[英]Restructure / reshape data frame ( r )
My dataset has repeated observations for people that work on projects. 我的数据集对从事项目工作的人员进行了重复观察。 I need a data frame with two columns that list 'combinations' of projects for each person and time point. 我需要一个包含两列的数据框,列出每个人和时间点的项目“组合”。 Let me explain with an example: 让我用一个例子来解释一下:
This is my data: 这是我的数据:
ID Week Project
01 1 101
01 1 102
01 1 103
01 2 101
01 2 102
02 1 101
02 1 102
02 2 101
Person 1 (ID = 1) worked on three projects in week 1. This means that there are six possible combinations of projects (project_i & project_j) for this person, in this week. 人1(ID = 1)在第1周对三个项目进行了工作。这意味着本周有六个可能的项目组合(project_i和project_j)。

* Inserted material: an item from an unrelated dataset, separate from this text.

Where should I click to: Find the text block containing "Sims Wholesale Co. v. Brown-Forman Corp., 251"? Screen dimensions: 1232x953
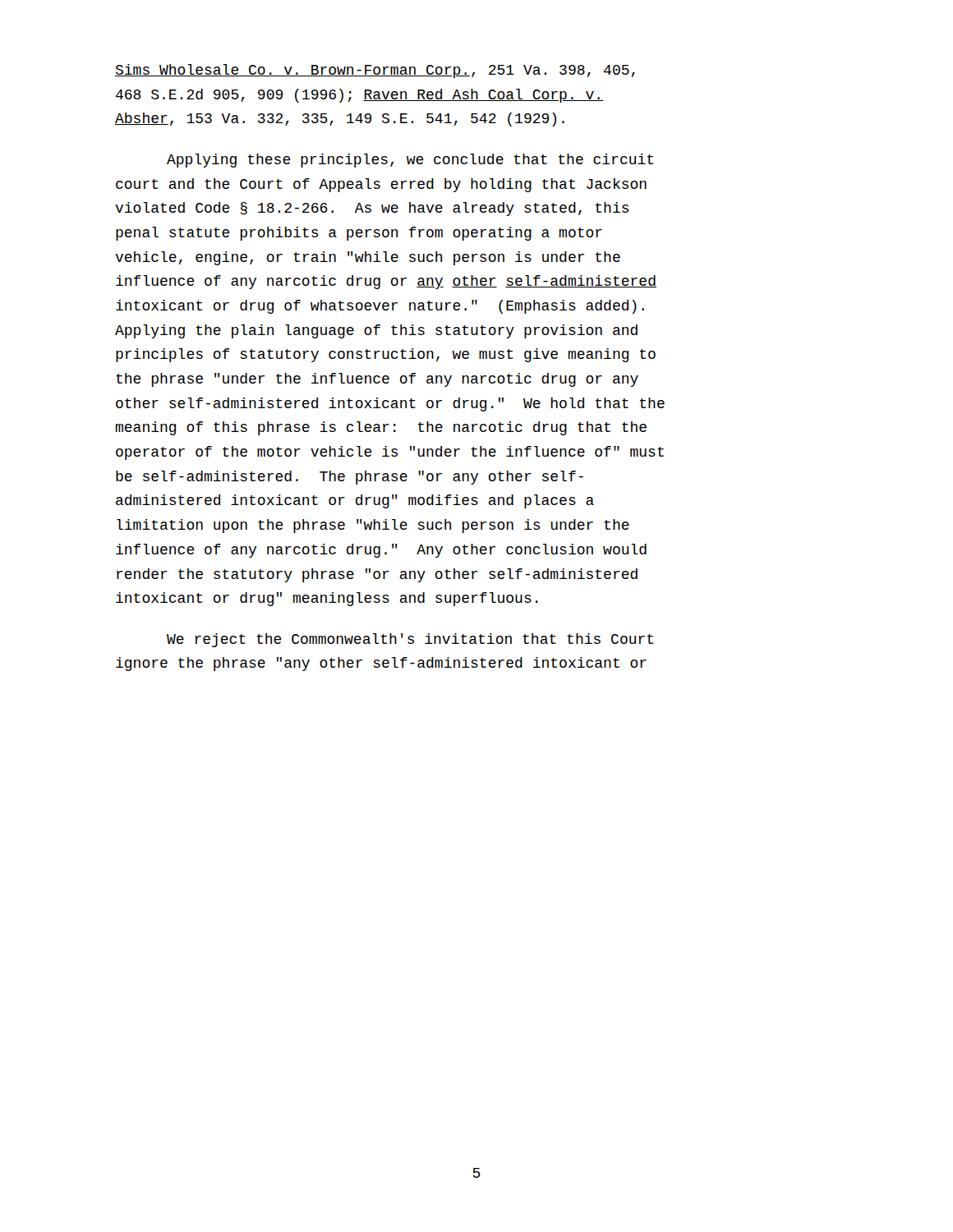pyautogui.click(x=377, y=95)

This is what I need 这就是我需要的
ID Week Project_i Project_j
01 1 101 101
01 1 101 102
01 1 101 103
01 1 102 101
01 1 102 102
01 1 102 103
01 1 103 101
01 1 103 102
01 1 103 103
01 2 101 101
01 2 101 102
01 2 102 101
01 2 102 102
02 1 101 101
02 1 101 102
02 1 102 101
02 1 102 102
02 2 101 101
Losing cases that only have one project per week is not an issue. 丢失每周只有一个项目的案例不是问题。
I have tried basic r and reshape2 for a bit, but I can't figure this out. 我已经尝试了基本的r和reshape2了一下,但我无法弄清楚这一点。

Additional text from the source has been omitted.